[Source records]

◇ ◇ ◇ ◇ ◇ ◇ ◇

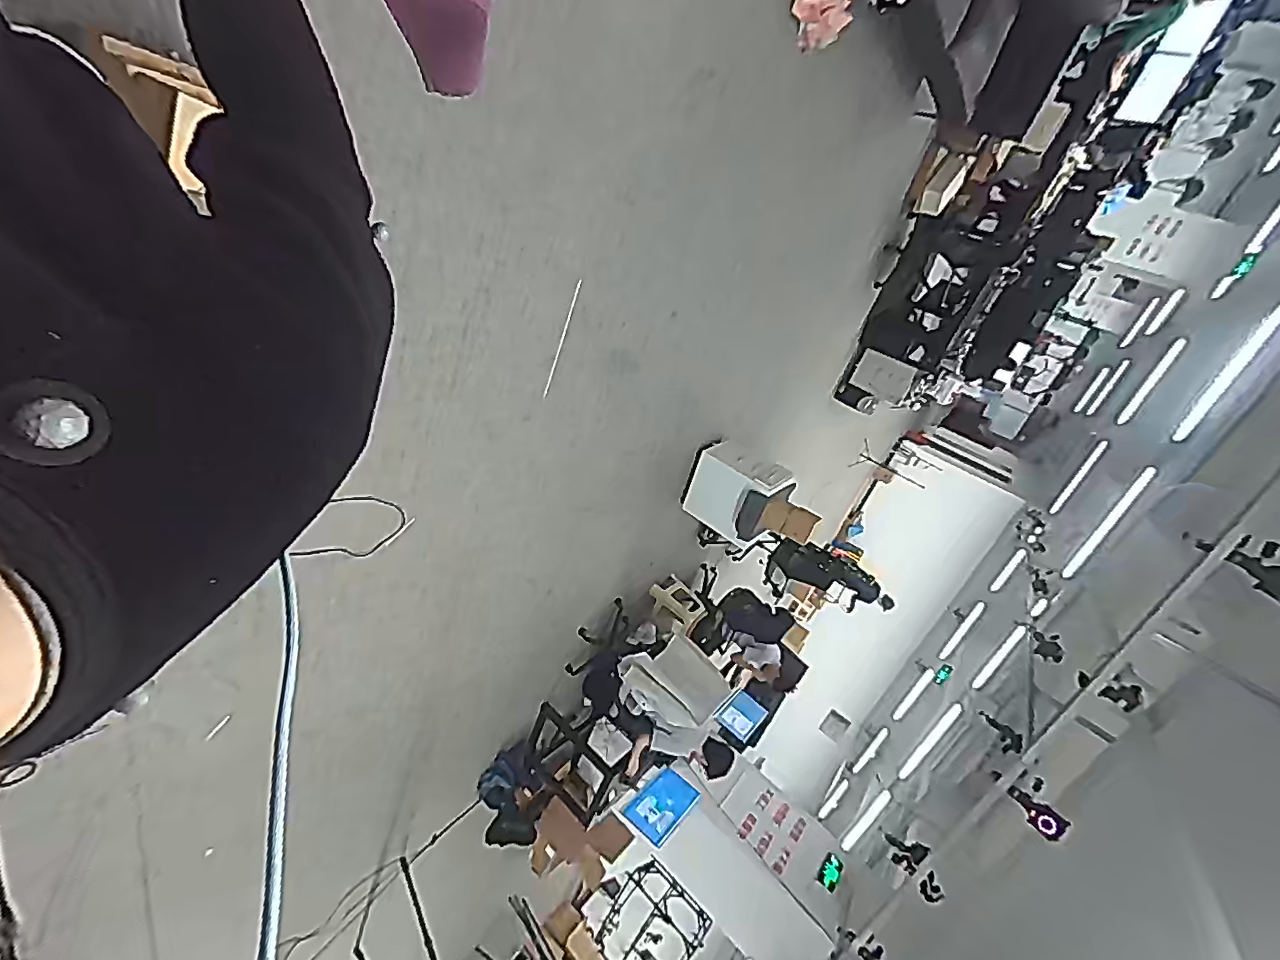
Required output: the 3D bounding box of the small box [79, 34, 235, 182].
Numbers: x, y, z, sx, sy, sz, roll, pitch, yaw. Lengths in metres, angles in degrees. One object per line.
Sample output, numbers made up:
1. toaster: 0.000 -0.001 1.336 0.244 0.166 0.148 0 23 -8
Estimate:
1. small box: -0.875 -0.675 0.986 0.179 0.176 0.168 -14 131 -52
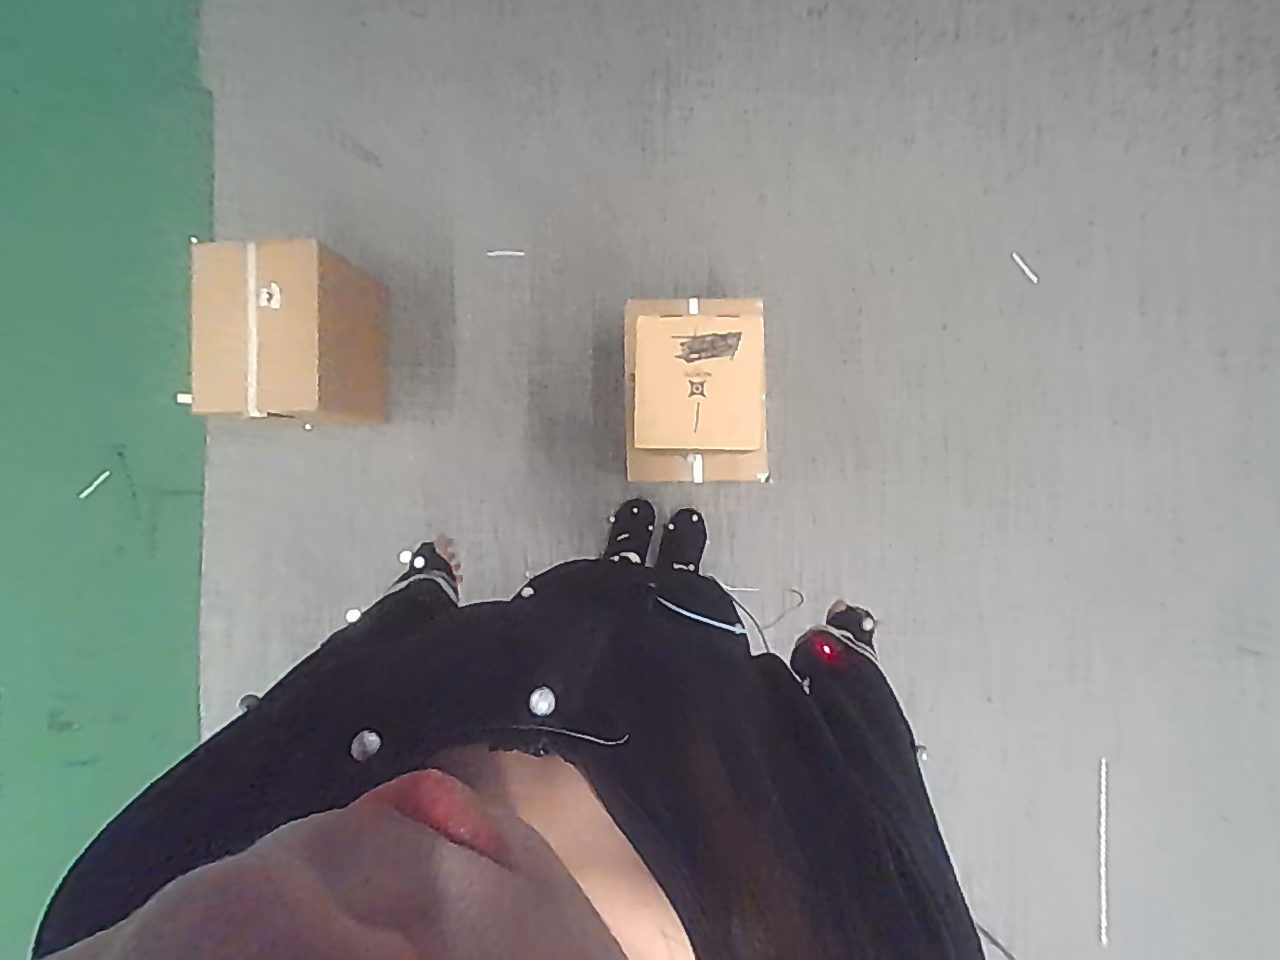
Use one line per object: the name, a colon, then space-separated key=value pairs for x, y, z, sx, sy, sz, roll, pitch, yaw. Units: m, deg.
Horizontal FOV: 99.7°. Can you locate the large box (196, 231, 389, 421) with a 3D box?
large box: x=-0.879 y=-0.372 z=1.404 sx=0.320 sy=0.320 sz=0.408 roll=0 pitch=90 yaw=4

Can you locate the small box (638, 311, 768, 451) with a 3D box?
small box: x=0.086 y=-0.133 z=0.779 sx=0.168 sy=0.176 sz=0.179 roll=1 pitch=92 yaw=4

◇ ◇ ◇ ◇ ◇ ◇ ◇

* **WHAT YOU ARE ASKED TO DO**
Within the data above, how many lines include the word "output"? Respond with the number only.

* **ANSWER TO THIS EXERCISE**
2